WHAT IS EXPECTED: Look for "kind" in each line of the entries, and return the matching lines.

Records from a collection:

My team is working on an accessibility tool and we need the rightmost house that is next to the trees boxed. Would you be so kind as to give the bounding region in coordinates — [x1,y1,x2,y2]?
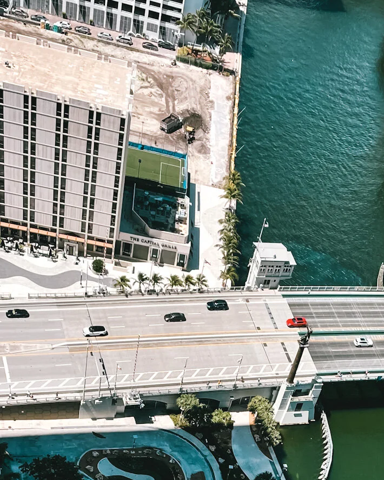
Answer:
[248,210,296,290]
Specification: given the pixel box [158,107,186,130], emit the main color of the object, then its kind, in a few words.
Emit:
gray truck
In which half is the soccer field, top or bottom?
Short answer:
top

EXERCISE RESULT:
My team is working on an accessibility tool and we need the rightmost house that is next to the trees boxed. Would you be so kind as to give the bounding region in coordinates — [x1,y1,x2,y2]?
Specification: given the pixel box [158,107,186,130], emit the main color of the object, then its kind, in a few words.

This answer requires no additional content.